Partridge thought the guide should be a militant paper, but did not have support for this view from the co-founders. He resigned after the first issue.
Roderick McKenzie was editor until 1911.
In 1909 the guide was made a weekly, and George Fisher Chipman was appointed associate editor.
Chipman edited the guide from 1911 until 1928, and its successor The Country Guide until 1935.

Partridge and Thomas Crerar of Manitoba attended the January 1909 convention where the Alberta Farmers' Association merged with the Canadian Society of Equity to form the United Farmers of Alberta (UFA). Before the merger the AFA's official organ was the Homestead, and the CSE published The Great West.
At the urging of Partridge and Crerar these papers were absorbed by The Grain Growers' Guide.
By 1909 the guide was the official organ of the (MGGA) and its sister associations, the Saskatchewan Grain Growers' Association (SGGA) and the UFA.
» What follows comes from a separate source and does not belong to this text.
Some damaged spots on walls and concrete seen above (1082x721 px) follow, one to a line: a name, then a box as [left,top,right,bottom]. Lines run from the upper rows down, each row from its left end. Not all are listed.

In 1917 the GGGC merged with the Alberta Farmers' Co-operative Elevator Company, founded in 1913, to form the United Grain Growers (UGG), which provided grain marketing, handling and supply until 2001.
By 1918 the guide was the largest farm publication on the prairies by circulation.
The guide was issued as the Country Guide from volume 21, number 7 (2 April 1928) to volume 29, number 5 (May 1936).
In 1936 the paper was merged with The Nor'west farmer to form The country guide and Nor-west farmer.

==Contents==

The guide was tightly controlled by the parent company and the associations of grain growers, who ensured that it was independent of political parties.
The guide covered topics of interest to western Canada prairie farmers including politics, cooperative associations, animal husbandry and new agricultural techniques.
The paper became an essential source of information about the outside world to prairie farmers.
Readers were encouraged to give their views, and the letters page became an important part of the paper.
The guide advocated reform of rural education and supported the temperance movement, the cooperative movement and the Social Gospel.
It became a supporter of the Progressive Party. As the Progressive movement waned in the 1920s the guide devoted less space to reform topics and focused on practical issues of rural life and entertainment for rural families.
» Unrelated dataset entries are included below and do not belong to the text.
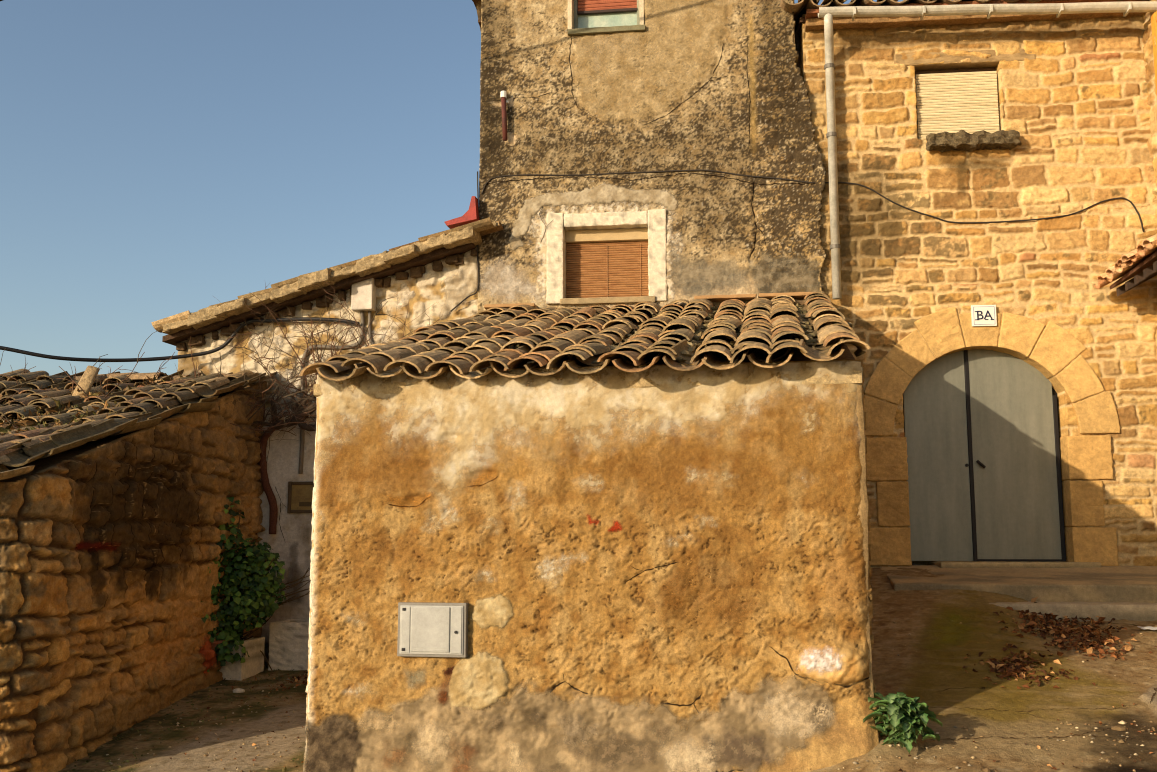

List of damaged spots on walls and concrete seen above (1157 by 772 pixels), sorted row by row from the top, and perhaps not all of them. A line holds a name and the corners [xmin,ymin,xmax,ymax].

leakage [483,262,545,298]
leakage [675,255,823,301]
peeling [274,358,863,528]
leakage [303,713,361,772]
spalling [352,676,833,772]

The founders and editors were in favour of women's suffrage, but accepted the traditional view of separate men's and women's spheres of activity.
The guide included a woman's page from its first year, which discussed suffrage, equal rights, dower law and homesteading.
The woman's page later included a readers' forum, advice on managing a household, and opinions on marriage, motherhood, women's work and finances.
Separately the paper covered activities in the women's departments of the Grain Growers' Associations. Later the guide started to publish a "household number" that was mainly devoted to domestic topics, but the parent newspaper continued to publish its woman's page.
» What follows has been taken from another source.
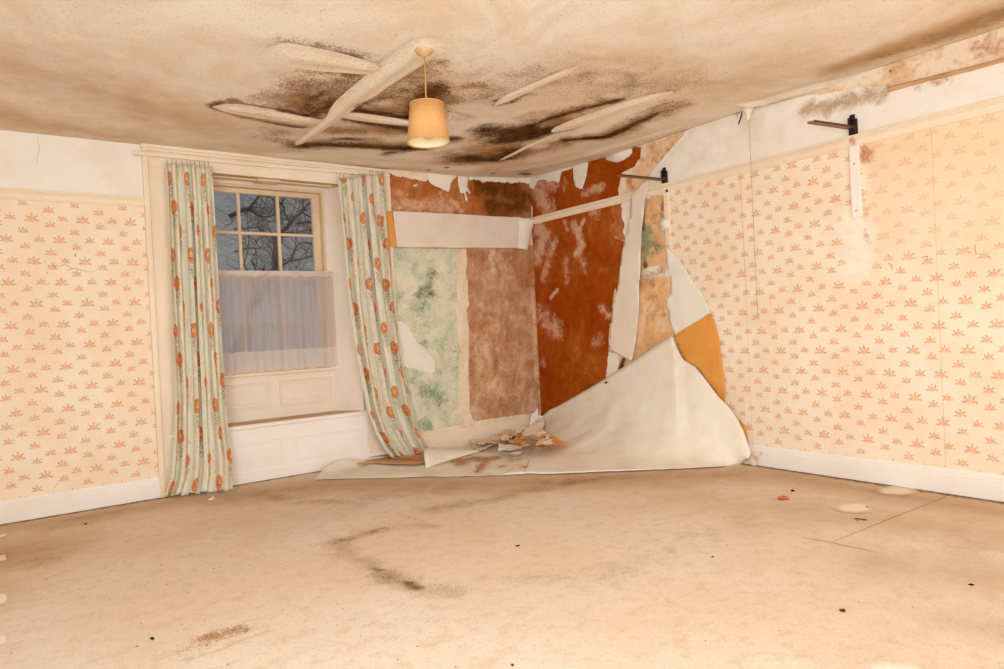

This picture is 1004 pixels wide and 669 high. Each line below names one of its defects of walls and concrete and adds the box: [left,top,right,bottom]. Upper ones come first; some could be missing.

damp [207,60,692,166]
damp [802,90,886,113]
flaking render [765,27,1004,106]
flaking render [386,132,684,431]

The women's page editors from 1908 to 1928 were Isobel Graham, Mary Ford, Francis Marion Beynon, Mary P. McCallum, and Amy J. Roe.
Other well-known women wrote letters or gave commentaries, including Ella Cora Hind, Nellie McClung, and Irene Parlby.
All the editors were social feminists who believed that women had accepted responsibility for caring for the home and children, but that they should be educated, have property rights and have a voice in political debates.